In this case, the value function

$$v(x):=\mathop {\rm inf} \limits_{a(\cdot)\in {\mathcal{A}}}\,\mathop {\rm sup}_{b(\cdot)\in {\mathcal{B}}}J\left(x,a(\cdot),b(\cdot)\right)=\mathop {\rm sup}_{b(\cdot)\in {\mathcal{B}}}\,\mathop {\rm inf} \limits_{a(\cdot)\in {\mathcal{A}}}J\left(x,a(\cdot),b(\cdot)\right)$$

(2.6)

also becomes bounded, and its codomain is the range [0, 1].

3 Numerical Scheme

In general, the numerical scheme for this problem is designed and its convergence is established in the same fashion like in the paper [9] for the classical time-optimal problem. The value function of the game is constructed as a generalized (viscosity) solution to the corresponding boundary-value problem for the Hamilton–Jacobi equation (HJE).

3.1 Discrete Scheme

Using time discretization, we replace the continuous-time dynamics by the discrete ones with a time step h > 0:

$${x}_{n}={x}_{n-1}+hf({x}_{n-1},{a}_{n-1},{b}_{n-1}),\quad n=1,\ldots ,N,\quad {x}_{0}\,{\rm{is}}\,\,{\rm{given}},$$

where a_n ∈ A and b_n ∈ B.

Then the value function w_h(⋅) of the discrete-time problem can be represented as

$${w}_{h}(x)=\left\{\begin{array}{ll}\gamma \mathop {\rm max} \limits_{b\in B}\,\mathop {\rm min} \limits_{a\in A}\ {w}_{h}\left(z(x,a,b)\right)+1-\gamma &\,{\rm{if}}\,x\in {\mathcal{G}}\\ 0&\,\,{\rm if}\,\,x\in {\mathcal{T}}\\ 1&\,\,{\rm{if}}\,x\in {\mathcal{F}}.\end{array}\right.$$

Here γ = e^−h and z(x, a, b) = x + hf (x, a, b). This representation is based on the principle of dynamic programming.

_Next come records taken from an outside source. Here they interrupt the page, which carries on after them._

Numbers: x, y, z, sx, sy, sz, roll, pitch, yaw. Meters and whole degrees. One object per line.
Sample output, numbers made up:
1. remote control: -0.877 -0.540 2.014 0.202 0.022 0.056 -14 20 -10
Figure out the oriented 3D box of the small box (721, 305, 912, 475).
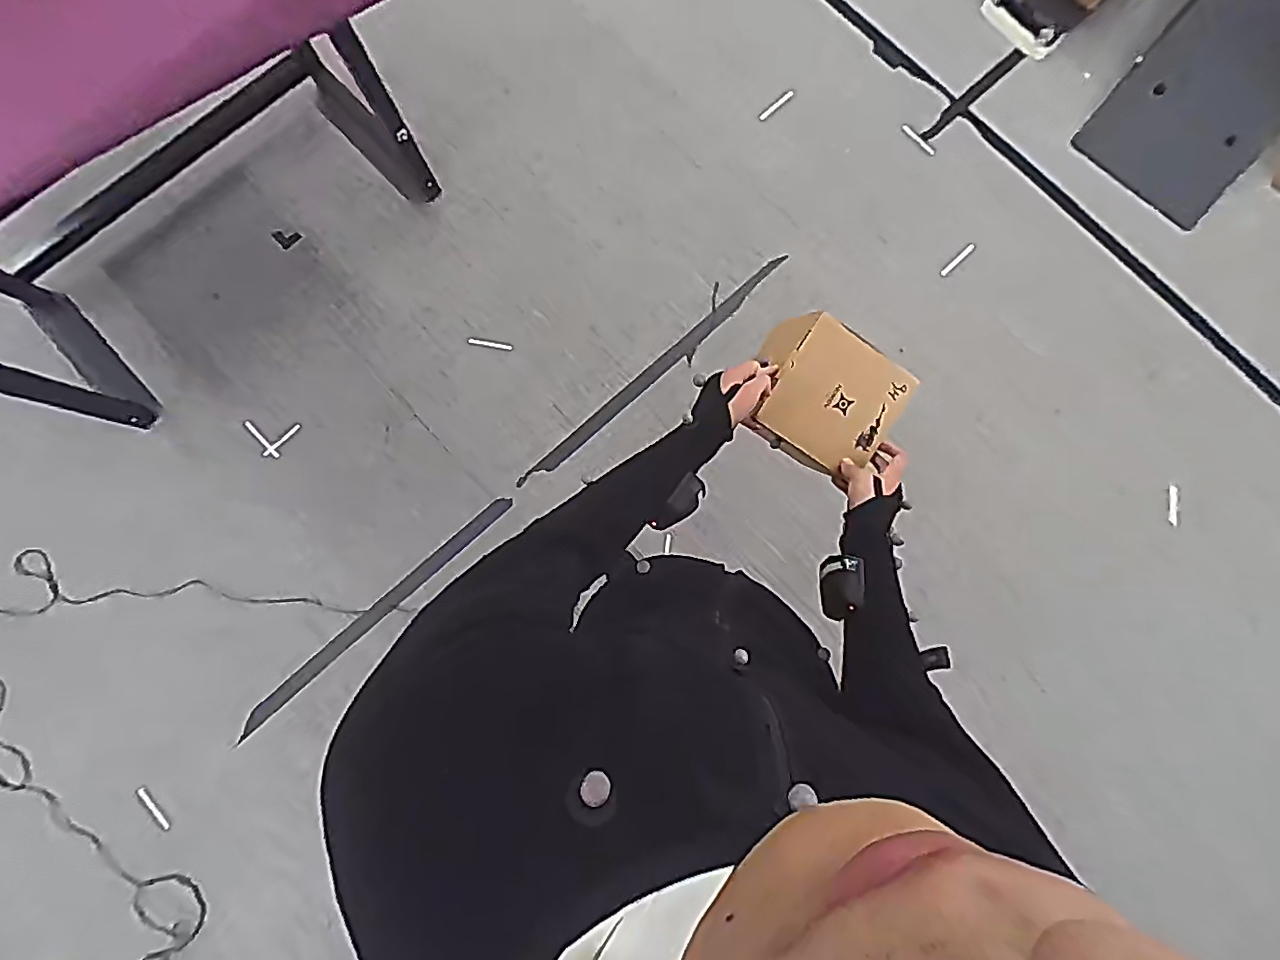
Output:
1. small box: 0.243 -0.128 0.795 0.179 0.176 0.168 31 96 -10
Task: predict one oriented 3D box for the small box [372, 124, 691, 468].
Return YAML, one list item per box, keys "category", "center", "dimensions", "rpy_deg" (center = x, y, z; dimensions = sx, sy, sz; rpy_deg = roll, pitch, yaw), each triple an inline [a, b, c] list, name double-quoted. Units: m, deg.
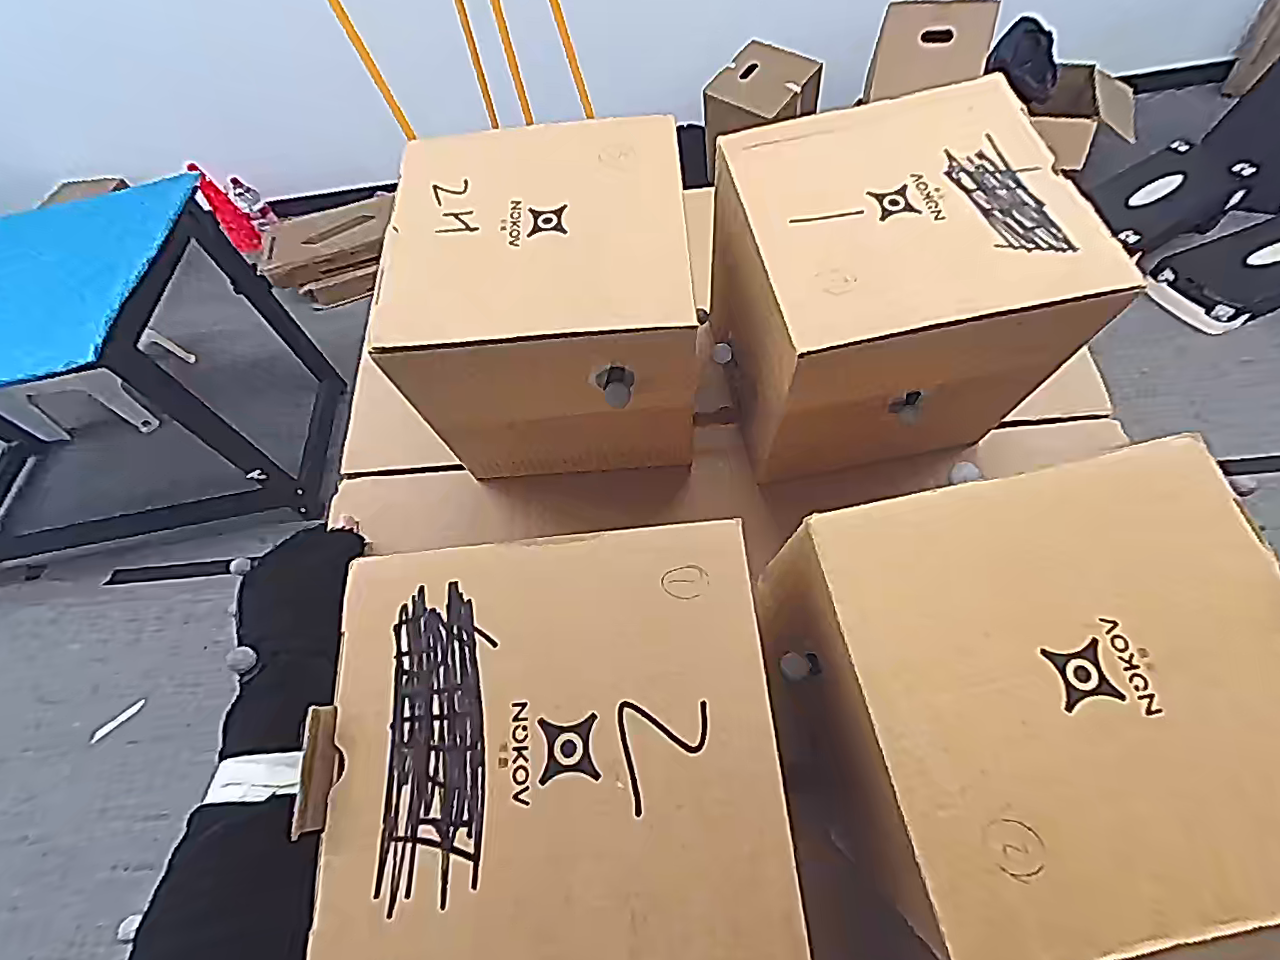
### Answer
- category: "small box"
  center: [-0.056, -0.118, 0.394]
  dimensions: [0.179, 0.176, 0.168]
  rpy_deg: [-3, 66, 4]

Next, we perform spatial discretization with step k. We choose in the space ${{\mathbb{R}}}^{d}$ a grid ${\mathcal{L}}$ with step k that consists of the nodes ${q}_{{i}_{1},\ldots ,{i}_{n}}=({x}_{{i}_{1}},\ldots ,{x}_{{i}_{n}})$, ${i}_{1},\ldots ,{i}_{n}\in {\mathbb{Z}}$, ${x}_{{i}_{j}}=k{i}_{j}$. (In principle, the steps of this grid in different coordinates may differ, but this feature will not affect the idea of numerical scheme design.) Hereinafter, for the nodes of the grid ${\mathcal{L}}$ a linear indexing q_ν, $\nu \in {\mathbb{Z}}$, will be generally used. The symbols ${{\mathcal{L}}}_{{\mathcal{T}}}$, ${{\mathcal{L}}}_{{\mathcal{G}}}$ and ${{\mathcal{L}}}_{{\mathcal{F}}}$ denote the sets of all nodes of the grid ${\mathcal{L}}$ that belong to the sets ${\mathcal{T}}$, ${\mathcal{G}}$ and ${\mathcal{F}}$, respectively. In the theoretical considerations below, the grid is supposed to be infinite.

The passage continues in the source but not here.